Medians of a Triangle are Concurrent

The medians of any triangle are concurrent and that the point of concurrency divides each one of them in the ratio 2:1.


medians-triangles

Consider the triangle ABC as shown in the diagram and suppose that A\left( {{x_1},{y_1}} \right), B\left( {{x_2},{y_2}} \right) and C\left( {{x_3},{y_3}} \right) be the vertices of the given triangle ABC. As we know that median is defined as the line segment joining the vertex of triangle to the midpoint to the opposite side of the triangle.

Now suppose that D, E and F are the midpoints of the sides of the triangle ABC, so these midpoints can be calculate using midpoint formula as following:

{\text{Midpoint}}  = \left( {\frac{{{x_1} + {x_2}}}{2},\frac{{{y_1} + {y_2}}}{2}} \right)


Midpoint of the side BC is D = \left( {\frac{{{x_2} +  {x_3}}}{2},\frac{{{y_2} + {y_3}}}{2}} \right)
Midpoint of the side AC is E = \left( {\frac{{{x_1} +  {x_3}}}{2},\frac{{{y_1} + {y_3}}}{2}} \right)
Midpoint of the side AB is F = \left( {\frac{{{x_1} +  {x_2}}}{2},\frac{{{y_1} + {y_2}}}{2}} \right)
Consider G be the point intersection of the three medians of the triangle ABC.
First we find the coordinates of the point G with respect to median AD, since point G divides the median AD in the ration 2:1, i.e. {k_1}:{k_2}  = 2:1. To find the point G using division formula or ratio formula (internal division).
Let \left(  {{x_1},{y_1}} \right) = \left( {{x_1},{y_1}} \right) and \left( {{x_2},{y_2}} \right) = \left( {\frac{{{x_2}  + {x_3}}}{2},\frac{{{y_2} + {y_3}}}{2}} \right)

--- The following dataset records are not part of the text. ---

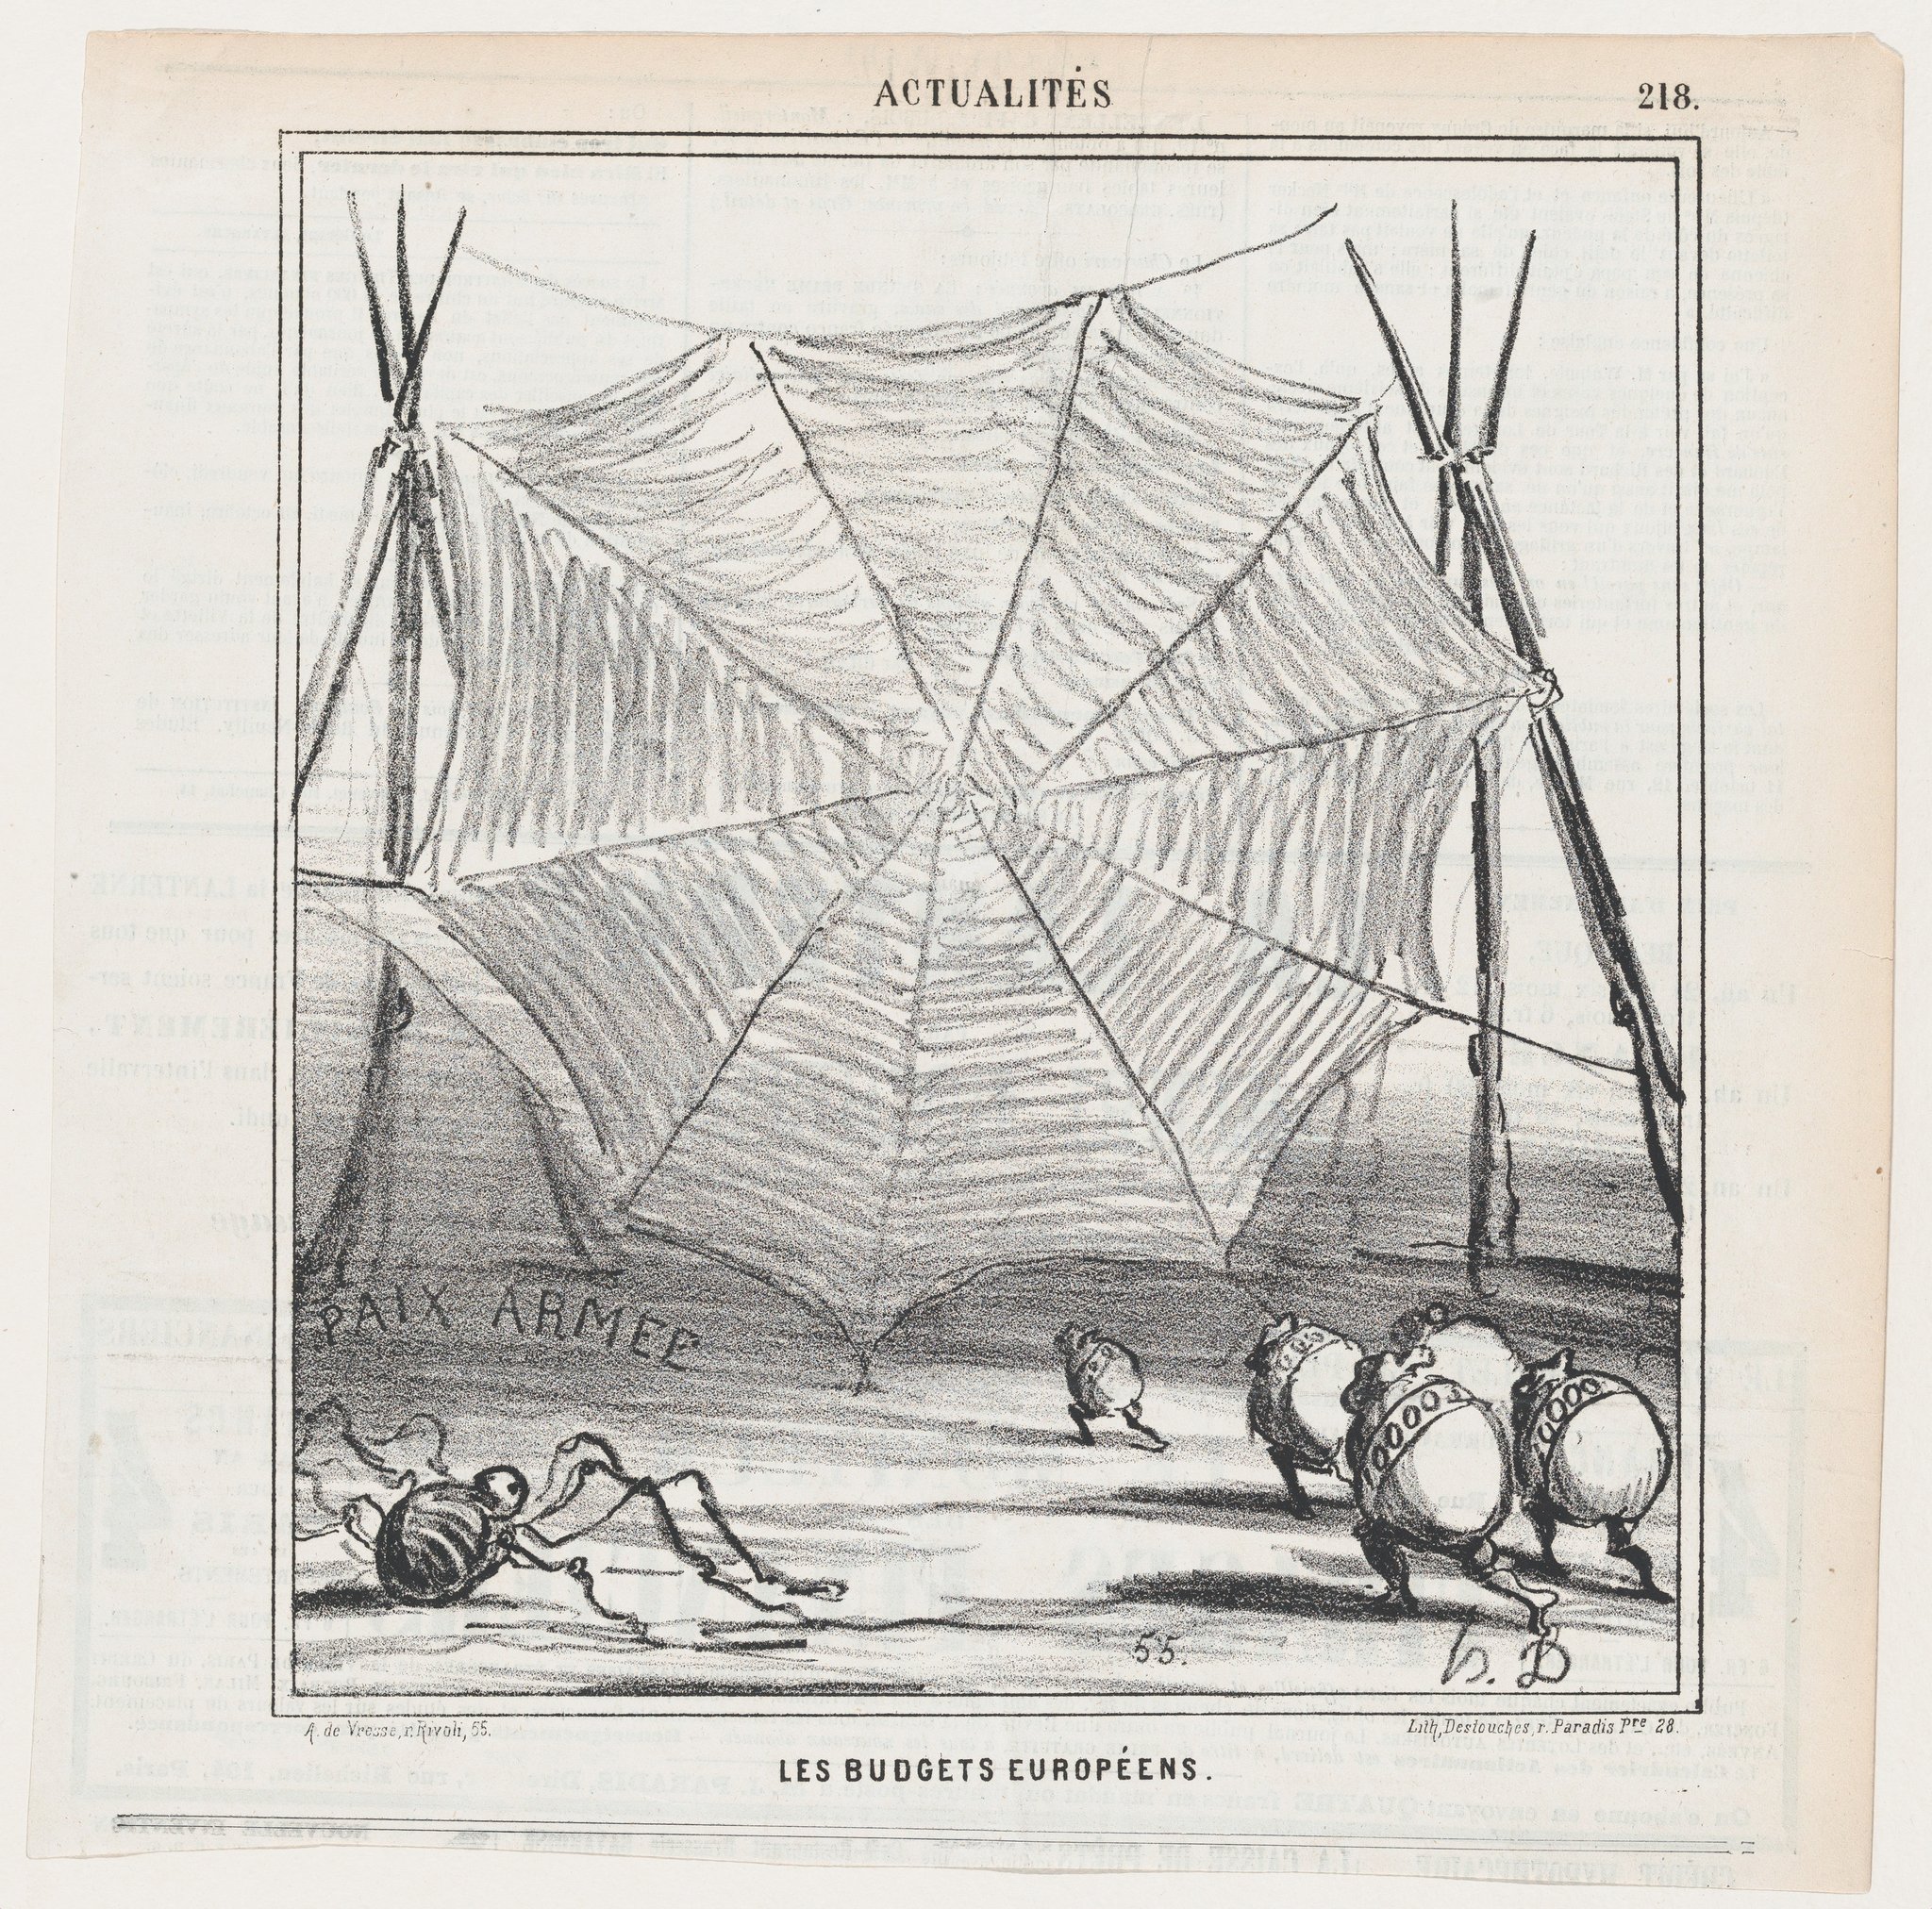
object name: print
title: European Budgets, from 'News of the day,' published in "Le Charivari"
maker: honoré daumier
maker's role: artist
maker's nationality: french
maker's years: 1808-1879
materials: paper
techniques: lithograph
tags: animals,satire

\begin{gathered} G = \left( {\frac{{{k_2}{x_1} +  {k_1}{x_2}}}{{{k_1} + {k_2}}},\frac{{{k_2}{y_1} + {k_1}{y_2}}}{{{k_1} +  {k_2}}}} \right) \\ G = \left( {\frac{{\left( 1 \right){x_1} +  \left( 2 \right)\left( {\frac{{{x_2} + {x_3}}}{2}} \right)}}{{1 + 2}},\frac{{\left(  1 \right){y_1} + \left( 2 \right)\left( {\frac{{{y_2} + {y_3}}}{2}}  \right)}}{{1 + 2}}} \right) \\ G = \left( {\frac{{{x_1} + {x_2} +  {x_3}}}{3},\frac{{{y_1} + {y_2} + {y_3}}}{3}} \right) \\ \end{gathered}


Second we find the coordinates of the point G with respect to median BE, since point G divides the median BE in the ration 2:1, i.e. {k_1}:{k_2}  = 2:1. To find the point G using division formula or ratio formula (internal division).
Let \left(  {{x_1},{y_1}} \right) = \left( {{x_2},{y_2}} \right) and \left( {{x_2},{y_2}} \right) = \left( {\frac{{{x_1}  + {x_3}}}{2},\frac{{{y_1} + {y_3}}}{2}} \right)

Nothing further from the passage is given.